Am ersten Prozesstag (20.11.2018) lehnte das Gericht die Freilassung des in der Türkei angeklagten Journalisten ab. Am 14. Februar 2019 wird das Verfahren fortgesetzt. Demirci, der im Hochsicherheitsgefängnis im Istanbuler Vorort Silivri einsitzt, hat über seine Rechtsanwälte die Fragen der Deutschen Welle beantwortet.

Deutsche Welle: Sie sind seit April in Haft. Wie geht es Ihnen gesundheitlich?

Adil Demirci: Die Haftbedingungen sind hart. Der Bewegungsradius ist ziemlich begrenzt. Mir geht's nicht so gut. Allerdings habe ich keine Probleme, die meine Gesundheit beeinträchtigen. Aber bei langjährigen Insassen beobachte ich schon bleibende Schäden.  

Wie sieht Ihr Tag im Gefängnis aus?

Adil Demircis Tagebuch im Gefängnis
Adil Demircis Tagebuch im GefängnisBild: privat

Demirci: Der Gefängniskomplex in Silivri besteht aus zehn Strafvollzugsanstalten. Die meisten sind in Zellen geteilt. Ich war in einer Drei-Mann-Zelle mit zwei jungen Häftlingen. Nun sind wir seit einer Woche zu zweit. Wir haben überhaupt keinen Kontakt zu den anderen Häftlingen. Nur einmal die Woche haben wir die Möglichkeit, gemeinsam mit anderen drei Stunden Sport zu machen. Das ist immer unser schönster Tag.
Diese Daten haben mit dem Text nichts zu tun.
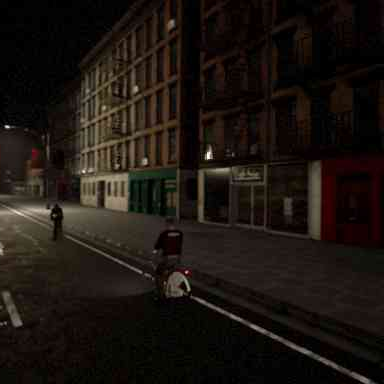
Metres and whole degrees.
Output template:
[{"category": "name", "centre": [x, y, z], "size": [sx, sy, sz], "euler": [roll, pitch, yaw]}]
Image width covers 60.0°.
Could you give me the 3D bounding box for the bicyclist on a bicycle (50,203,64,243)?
[{"category": "bicyclist on a bicycle", "centre": [-5.736, 1.304, 14.125], "size": [0.582, 1.620, 1.656], "euler": [1, 0, -34]}]

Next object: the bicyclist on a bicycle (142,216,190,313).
[{"category": "bicyclist on a bicycle", "centre": [-0.568, 1.339, 6.590], "size": [0.659, 1.776, 1.843], "euler": [1, 0, -34]}]

Denn es ist schon wichtig, andere Gesichter zu sehen, sich mit anderen zu unterhalten, auch wenn es sehr kurz ist.
Unser Tag im Gefängnis fängt um 7 Uhr an. Um 8:15 Uhr gehen wir raus - auf den offenen Hof, wo wir fünf, sechs Schritte machen können. Man sieht nur den Himmel. Zwischen 10 und 12 Uhr machen wir Sport. Nach dem Essen lese ich meistens, schreibe Tagebuch. Aber wir bekommen nicht so viele Bücher, wie wir wollen. Höchstens zehn sind erlaubt. 

Wie sieht Ihre Zelle aus?

Adil Demirci: Sie besteht aus zwei Etagen, so eine Art Maisonette. Oben sind die Betten und unten die Toilette und das Wohnzimmer. Wie ich bereits erwähnte, haben wir einen Hof aus Beton. 
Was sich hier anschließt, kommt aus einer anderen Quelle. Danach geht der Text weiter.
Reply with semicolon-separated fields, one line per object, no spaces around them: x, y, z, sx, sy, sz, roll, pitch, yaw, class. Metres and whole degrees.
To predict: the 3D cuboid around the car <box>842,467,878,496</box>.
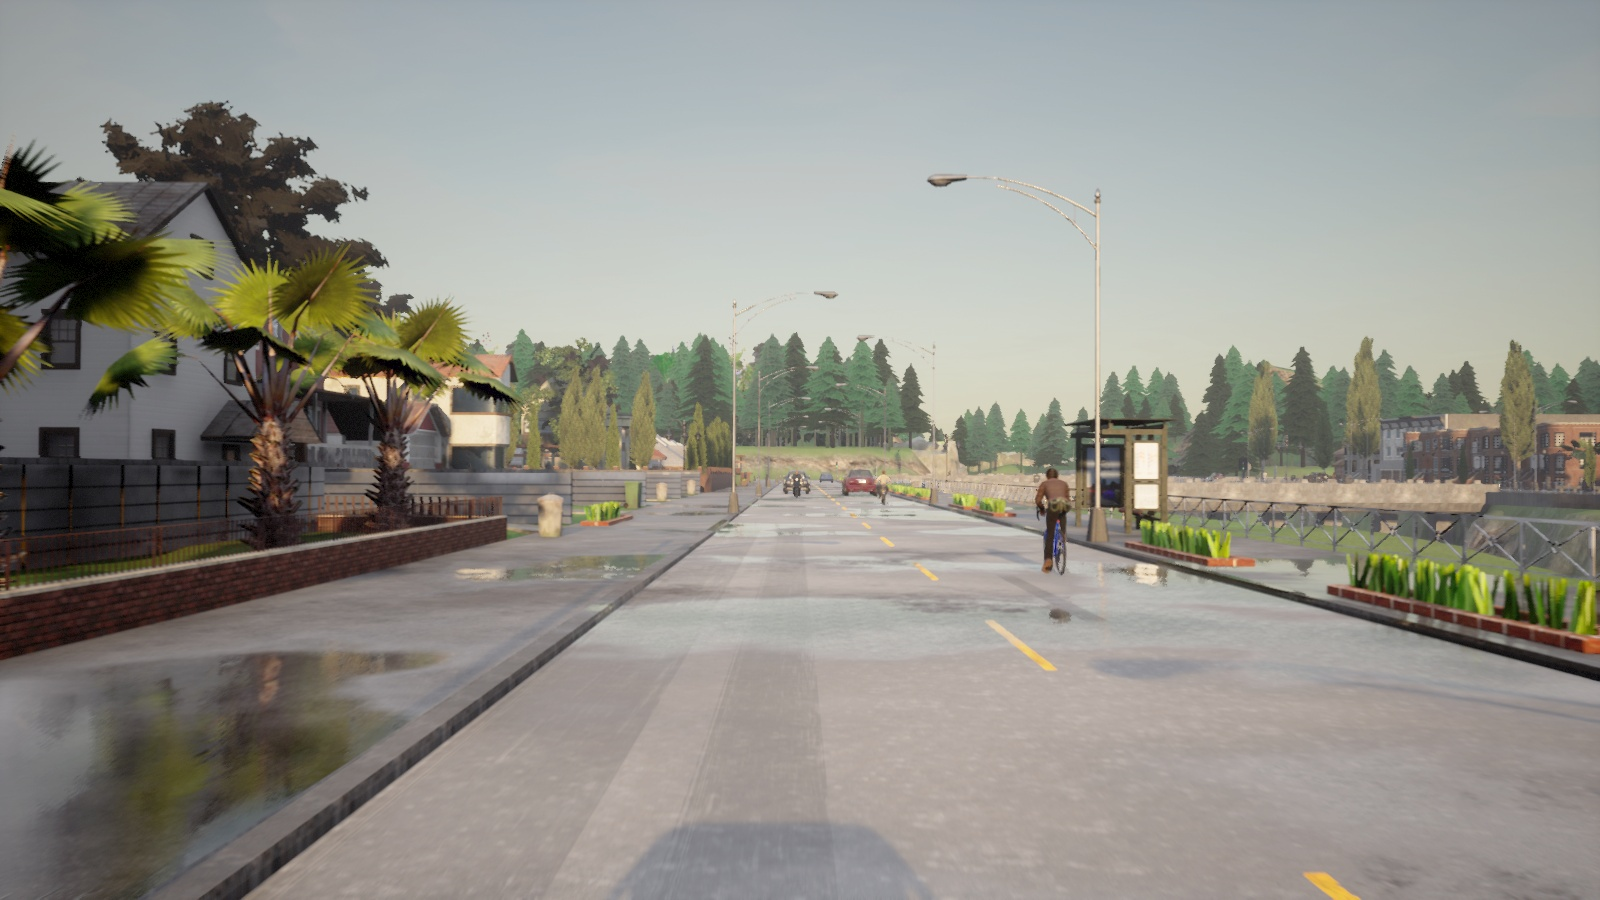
3.810;2.009;80.713;2.097;1.767;4.553;0;-1;0;car

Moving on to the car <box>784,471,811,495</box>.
-0.201;2.222;85.272;1.789;1.549;3.705;0;-1;0;car

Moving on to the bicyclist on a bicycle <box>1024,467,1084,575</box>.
3.954;1.081;19.653;0.582;1.620;1.656;0;-1;0;bicyclist on a bicycle

Was vermissen Sie im Gefängnis am meisten? 

Natürlich fehlt mir meine Freiheit. Zwischen vier Wänden in so einem engen Raum zu bleiben, ist ziemlich schwer. Wenn man diese Erfahrung macht, schätzt man den Wert der Freiheit noch mehr. Was ich noch sehr vermisse, ist meine Mutter. Das trifft mich emotional sehr stark. Sie war krank, als wir gemeinsam nach Istanbul kamen. An Tagen wie diesen nicht bei ihr sein zu können, bedrückt mich sehr. Zudem vermisse ich meinen Vater, meinen Bruder, meine Freunde und Kollegen. Sehnsucht ist etwas schwermütiges, dennoch ist es ein schönes Gefühl, weil es mich daran erinnert, dass ich ein Mensch bin. Weil es mich an die Spiritualität erinnert.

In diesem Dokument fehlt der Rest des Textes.